The science of teenage behavior is difficult to pin down.
Friday, June 13 was the last day of classes in the two major public-school districts in the Triad. Thus begins an annual ritual for downtown Greensboro and downtown Winston-Salem: weekend gatherings of young people, often unsupervised and frequently bored. Usually, everything works out fine, but sometimes circumstances conspire to produce a distressing phenomenon known as the “large-scale fight.”
In Greensboro, the police have banded together with a church group to try to prevent an incident like what happened last June, when some fights broke out near Center City Park within a group of upwards of 300 young people. Police responded with pepper spray to disperse the crowd, and the city council called an emergency meeting to impose a temporary curfew.
This year Deputy Chief James Hinson, who supervises the Greensboro Police Department’s patrol division, called Joe Frierson, the young-adult pastor at Mt. Zion Baptist Church, and asked him to bring parishioners to engage with young people on weekends. The previous summer, after the night of trouble, Frierson had participated in an effort involving a handful of churches to provide transportation to young people to safe spaces where the curfew was not in force.
They gathered at 9:15 p.m. on Friday for a briefing in a meeting room on the first floor of the new police headquarters at Federal Place. Hinson addressed three members of the downtown bike patrol; Ed Cobbler, a retired Greensboro police officer who works as a private investigator; and a handful of men from Mt. Zion Baptist Church, including a firefighter who works for the Chapel Hill Fire Department. Hinson told the group his goal is to prevent another curfew by proactively engaging with young people in a positive manner to send the message that they should have fun while acting responsibly.
Meanwhile, something like what the police and churchmen were trying to head off in Greensboro had already transpired about an hour earlier in Winston-Salem.
Winston-Salem police reported that a large number of juveniles began to gather around West Fourth Street between Cherry and Marshall streets at about 8 p.m. The crowd migrated to Winston Square Park, where fights were reported. Police used pepper spray to break up the fights and disperse the crowd, estimated by police at 300 people.
Police arrested a 16-year-old girl and a 19-year-old man, charging both with disorderly conduct and resisting arrest. They took four juveniles into custody and later released them to the custody of their parents. The incident resulted in traffic congestion as young people began running through downtown, but police reported no injuries.
In Greensboro that night, as the police officers and churchmen fanned out along the length of South Elm Street, bike patrol Officer Kirk Stafford predicted that the weekend gatherings of young people would gradually swell as the July 4 holiday approaches. He thought the numbers might be light on this particular night because of graduation parties. Later, a citizen told him that a lock-in at a recreation center was underway — a possible explanation for the light turnout.
“You can kind of see it,” Stafford said. “They start grouping up, and they walk around and then circle back to meet each other. When they start chanting at each other you know it’s time to call in back-up.”

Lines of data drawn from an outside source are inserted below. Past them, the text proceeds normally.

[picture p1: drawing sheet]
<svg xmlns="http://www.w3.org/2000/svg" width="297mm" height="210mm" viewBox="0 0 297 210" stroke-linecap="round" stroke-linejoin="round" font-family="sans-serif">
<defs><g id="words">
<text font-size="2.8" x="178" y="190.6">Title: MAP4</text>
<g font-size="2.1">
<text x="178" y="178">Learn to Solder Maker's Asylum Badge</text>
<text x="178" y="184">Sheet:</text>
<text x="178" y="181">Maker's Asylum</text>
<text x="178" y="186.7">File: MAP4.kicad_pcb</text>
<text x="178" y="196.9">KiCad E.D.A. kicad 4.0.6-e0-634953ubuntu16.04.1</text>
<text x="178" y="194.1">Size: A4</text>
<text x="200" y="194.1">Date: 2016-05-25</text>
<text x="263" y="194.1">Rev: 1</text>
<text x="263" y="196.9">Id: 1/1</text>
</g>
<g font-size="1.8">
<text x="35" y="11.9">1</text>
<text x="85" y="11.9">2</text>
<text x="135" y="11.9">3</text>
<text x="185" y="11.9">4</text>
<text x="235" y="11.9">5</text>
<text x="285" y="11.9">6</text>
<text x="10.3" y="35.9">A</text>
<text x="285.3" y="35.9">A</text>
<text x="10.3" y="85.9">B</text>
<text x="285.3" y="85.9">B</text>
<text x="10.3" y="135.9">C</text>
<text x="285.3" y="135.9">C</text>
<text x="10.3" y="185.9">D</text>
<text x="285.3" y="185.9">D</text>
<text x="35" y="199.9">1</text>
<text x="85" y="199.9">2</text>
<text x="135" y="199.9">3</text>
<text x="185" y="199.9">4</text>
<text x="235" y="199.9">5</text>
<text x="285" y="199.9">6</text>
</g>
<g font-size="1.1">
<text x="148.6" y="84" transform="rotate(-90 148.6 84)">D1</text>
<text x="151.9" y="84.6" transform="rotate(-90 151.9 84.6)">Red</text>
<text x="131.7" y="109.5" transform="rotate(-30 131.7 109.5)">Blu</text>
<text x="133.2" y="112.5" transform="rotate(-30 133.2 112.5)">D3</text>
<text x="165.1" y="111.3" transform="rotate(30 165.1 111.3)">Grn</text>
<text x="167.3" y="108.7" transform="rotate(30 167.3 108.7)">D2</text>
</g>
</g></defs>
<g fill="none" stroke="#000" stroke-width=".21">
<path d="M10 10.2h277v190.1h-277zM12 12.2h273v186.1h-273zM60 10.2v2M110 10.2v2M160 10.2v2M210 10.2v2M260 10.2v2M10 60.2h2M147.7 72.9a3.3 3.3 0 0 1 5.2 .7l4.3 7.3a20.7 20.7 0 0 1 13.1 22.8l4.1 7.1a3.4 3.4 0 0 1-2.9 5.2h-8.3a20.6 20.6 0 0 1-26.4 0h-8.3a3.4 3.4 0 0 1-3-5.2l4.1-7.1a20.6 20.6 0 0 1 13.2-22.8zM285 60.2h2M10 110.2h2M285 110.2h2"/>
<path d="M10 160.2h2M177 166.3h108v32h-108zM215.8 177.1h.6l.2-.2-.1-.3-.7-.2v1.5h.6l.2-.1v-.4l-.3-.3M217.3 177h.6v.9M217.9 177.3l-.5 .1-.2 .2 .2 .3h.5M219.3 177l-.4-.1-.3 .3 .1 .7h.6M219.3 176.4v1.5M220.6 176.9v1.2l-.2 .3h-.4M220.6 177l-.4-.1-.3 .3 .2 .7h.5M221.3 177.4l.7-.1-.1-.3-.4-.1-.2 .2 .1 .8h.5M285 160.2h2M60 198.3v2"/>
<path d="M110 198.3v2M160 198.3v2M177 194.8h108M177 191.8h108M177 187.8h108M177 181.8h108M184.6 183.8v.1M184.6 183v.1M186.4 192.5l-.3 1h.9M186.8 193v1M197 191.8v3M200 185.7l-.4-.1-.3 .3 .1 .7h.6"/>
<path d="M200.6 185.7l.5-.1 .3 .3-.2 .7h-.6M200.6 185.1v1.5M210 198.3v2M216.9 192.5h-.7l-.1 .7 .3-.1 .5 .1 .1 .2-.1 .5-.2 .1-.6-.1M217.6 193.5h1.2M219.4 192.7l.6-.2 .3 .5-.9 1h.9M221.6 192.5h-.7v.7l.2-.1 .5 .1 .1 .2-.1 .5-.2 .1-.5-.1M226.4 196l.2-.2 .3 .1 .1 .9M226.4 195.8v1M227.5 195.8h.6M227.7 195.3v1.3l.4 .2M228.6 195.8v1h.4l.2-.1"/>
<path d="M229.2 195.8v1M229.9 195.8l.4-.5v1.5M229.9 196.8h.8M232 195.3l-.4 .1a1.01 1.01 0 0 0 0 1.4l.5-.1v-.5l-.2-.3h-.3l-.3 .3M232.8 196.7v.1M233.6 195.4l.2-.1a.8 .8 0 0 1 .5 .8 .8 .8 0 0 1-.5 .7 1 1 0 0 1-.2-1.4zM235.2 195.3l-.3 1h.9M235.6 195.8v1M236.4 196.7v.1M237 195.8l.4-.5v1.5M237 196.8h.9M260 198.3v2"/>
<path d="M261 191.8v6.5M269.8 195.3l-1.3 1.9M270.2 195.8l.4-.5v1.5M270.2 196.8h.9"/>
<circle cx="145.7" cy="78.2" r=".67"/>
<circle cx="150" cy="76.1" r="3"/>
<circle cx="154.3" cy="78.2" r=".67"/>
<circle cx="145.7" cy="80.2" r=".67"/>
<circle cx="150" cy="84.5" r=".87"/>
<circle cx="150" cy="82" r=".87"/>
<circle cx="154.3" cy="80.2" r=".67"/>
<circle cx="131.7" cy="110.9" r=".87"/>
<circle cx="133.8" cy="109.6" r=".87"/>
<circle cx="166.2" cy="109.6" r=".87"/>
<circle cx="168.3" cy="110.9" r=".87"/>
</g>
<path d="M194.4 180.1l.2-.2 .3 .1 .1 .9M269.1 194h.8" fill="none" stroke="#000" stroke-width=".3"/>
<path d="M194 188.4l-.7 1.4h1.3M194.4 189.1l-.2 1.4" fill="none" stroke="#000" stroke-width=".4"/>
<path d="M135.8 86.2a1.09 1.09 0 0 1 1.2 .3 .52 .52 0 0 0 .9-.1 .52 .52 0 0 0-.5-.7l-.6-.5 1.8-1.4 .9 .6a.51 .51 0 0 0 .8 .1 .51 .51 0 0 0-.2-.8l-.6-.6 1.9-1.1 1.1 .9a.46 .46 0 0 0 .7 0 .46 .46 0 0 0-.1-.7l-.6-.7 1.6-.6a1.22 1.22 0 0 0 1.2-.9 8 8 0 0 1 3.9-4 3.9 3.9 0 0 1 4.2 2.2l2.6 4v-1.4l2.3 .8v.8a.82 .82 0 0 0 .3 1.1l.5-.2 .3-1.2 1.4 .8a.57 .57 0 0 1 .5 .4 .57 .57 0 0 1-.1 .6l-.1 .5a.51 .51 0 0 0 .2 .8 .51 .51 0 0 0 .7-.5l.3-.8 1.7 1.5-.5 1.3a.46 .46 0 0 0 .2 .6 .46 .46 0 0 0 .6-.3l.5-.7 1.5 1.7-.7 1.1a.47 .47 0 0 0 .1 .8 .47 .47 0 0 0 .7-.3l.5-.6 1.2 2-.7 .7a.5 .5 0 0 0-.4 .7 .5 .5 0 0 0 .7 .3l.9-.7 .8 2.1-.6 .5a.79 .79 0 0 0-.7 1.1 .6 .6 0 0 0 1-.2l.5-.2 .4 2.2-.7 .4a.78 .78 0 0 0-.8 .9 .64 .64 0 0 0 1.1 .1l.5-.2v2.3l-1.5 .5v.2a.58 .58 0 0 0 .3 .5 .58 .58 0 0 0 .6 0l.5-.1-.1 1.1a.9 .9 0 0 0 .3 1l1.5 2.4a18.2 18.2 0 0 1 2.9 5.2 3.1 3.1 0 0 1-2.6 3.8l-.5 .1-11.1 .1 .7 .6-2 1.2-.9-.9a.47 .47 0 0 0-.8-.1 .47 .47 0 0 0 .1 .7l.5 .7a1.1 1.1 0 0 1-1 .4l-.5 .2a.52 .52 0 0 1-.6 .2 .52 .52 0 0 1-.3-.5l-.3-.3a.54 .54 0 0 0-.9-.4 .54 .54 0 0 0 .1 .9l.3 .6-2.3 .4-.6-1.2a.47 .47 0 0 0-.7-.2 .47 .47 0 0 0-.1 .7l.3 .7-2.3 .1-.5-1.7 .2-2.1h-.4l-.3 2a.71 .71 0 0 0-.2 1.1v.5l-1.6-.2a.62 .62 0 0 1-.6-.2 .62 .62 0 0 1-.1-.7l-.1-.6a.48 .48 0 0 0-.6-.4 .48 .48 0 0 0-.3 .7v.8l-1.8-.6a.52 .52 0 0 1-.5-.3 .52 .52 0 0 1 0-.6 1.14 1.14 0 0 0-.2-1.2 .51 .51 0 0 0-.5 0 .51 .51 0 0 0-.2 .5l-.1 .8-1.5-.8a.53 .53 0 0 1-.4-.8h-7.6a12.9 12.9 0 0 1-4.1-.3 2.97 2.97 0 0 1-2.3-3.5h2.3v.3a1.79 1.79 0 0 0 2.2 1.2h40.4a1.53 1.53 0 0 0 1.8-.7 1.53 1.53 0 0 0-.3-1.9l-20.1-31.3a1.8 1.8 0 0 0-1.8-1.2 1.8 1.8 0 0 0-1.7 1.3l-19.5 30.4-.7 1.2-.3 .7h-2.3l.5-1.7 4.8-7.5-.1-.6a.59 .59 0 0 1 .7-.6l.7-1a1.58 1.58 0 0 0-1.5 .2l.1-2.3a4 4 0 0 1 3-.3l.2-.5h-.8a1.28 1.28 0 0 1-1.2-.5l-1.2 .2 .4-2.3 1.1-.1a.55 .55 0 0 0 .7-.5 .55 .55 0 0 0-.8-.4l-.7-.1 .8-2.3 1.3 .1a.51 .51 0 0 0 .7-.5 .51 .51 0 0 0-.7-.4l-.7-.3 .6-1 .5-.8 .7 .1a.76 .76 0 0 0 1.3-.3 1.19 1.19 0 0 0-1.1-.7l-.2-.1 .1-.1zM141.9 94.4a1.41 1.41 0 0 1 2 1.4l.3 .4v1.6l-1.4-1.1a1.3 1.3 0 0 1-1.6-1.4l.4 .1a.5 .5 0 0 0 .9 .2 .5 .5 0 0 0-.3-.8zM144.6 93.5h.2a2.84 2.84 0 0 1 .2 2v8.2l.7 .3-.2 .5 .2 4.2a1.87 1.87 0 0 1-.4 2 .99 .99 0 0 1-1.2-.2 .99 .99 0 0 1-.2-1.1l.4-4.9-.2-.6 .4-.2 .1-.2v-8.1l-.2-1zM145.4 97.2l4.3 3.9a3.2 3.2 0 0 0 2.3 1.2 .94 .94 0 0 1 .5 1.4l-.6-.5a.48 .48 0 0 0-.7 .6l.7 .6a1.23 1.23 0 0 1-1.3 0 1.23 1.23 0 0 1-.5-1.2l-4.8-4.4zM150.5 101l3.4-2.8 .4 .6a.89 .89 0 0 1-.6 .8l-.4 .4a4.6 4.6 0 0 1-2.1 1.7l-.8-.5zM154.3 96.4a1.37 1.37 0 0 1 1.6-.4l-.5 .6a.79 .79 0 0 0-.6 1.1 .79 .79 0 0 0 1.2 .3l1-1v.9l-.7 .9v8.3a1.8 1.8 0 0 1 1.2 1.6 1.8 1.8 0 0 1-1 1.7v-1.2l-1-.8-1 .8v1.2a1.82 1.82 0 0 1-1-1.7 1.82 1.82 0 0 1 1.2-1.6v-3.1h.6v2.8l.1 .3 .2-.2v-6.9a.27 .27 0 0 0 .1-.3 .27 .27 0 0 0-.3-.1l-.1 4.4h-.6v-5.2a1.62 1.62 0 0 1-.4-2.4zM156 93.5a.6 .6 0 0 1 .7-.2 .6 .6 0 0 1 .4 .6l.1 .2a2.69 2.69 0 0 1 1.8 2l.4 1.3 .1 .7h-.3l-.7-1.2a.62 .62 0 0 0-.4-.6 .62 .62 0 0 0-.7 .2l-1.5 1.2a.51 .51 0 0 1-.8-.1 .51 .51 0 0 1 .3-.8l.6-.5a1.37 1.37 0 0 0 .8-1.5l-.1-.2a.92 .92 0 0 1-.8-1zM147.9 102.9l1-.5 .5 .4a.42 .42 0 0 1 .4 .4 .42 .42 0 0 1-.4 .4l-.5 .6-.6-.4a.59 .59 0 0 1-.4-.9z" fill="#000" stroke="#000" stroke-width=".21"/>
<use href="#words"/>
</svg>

Clifford Perry, 42, was sitting on a bench in Center City Park with a friend when Deputy Chief Hinson strolled by.
“How’re you doing?” Hinson said in greeting.
“I like the police,” Perry said. “I’m trying to tell my son: ‘The police are not your enemy. If you run from them, they’re going to wonder what’s in your backpack, or in your head.’”
The deputy chief reciprocated the gesture of understanding.
“I tell the officers: ‘When we approach citizens, young people especially, sometimes we forget about how we need to approach them,’” he said. “‘We need to approach them with respect and professionalism.’ I tell them: ‘If we do that we have an increased opportunity to have a good outcome.’”
The mood was light and friendly as Hinson and the church volunteers strolled through the park, stopping for brief conversations. A trio of young women chatted at a park bench. Two young boys with an interest in martial arts gave high fives to one of the churchmen as their parents relaxed several yards away near the fountains. Later, the volunteers handed a flier to a couple crossing Elm Street with their teenage son.
From across the street, Hinson spotted a group of rambunctious young men at Market at Elm.
“See them? I guarantee they’re too young to get into a club,” he said. “Hopefully, someone from our group will get to them.”
As 11 p.m. approached the young faces on the strip seemed to grow. In their late teens and early twenties, it was hard to tell if they were old enough to drink legally.
A quintet of African-American girls dressed in tight skirts and wobbling on heels headed towards Inferno. Hinson greeted them and thrust fliers in their hands.
“You all be safe,” he said.
Later, he reflected, “It might not seem like much, but sometimes that little bit of contact might make all the difference. That might be what keeps that person from getting in an altercation. You can never tell what good you may do.”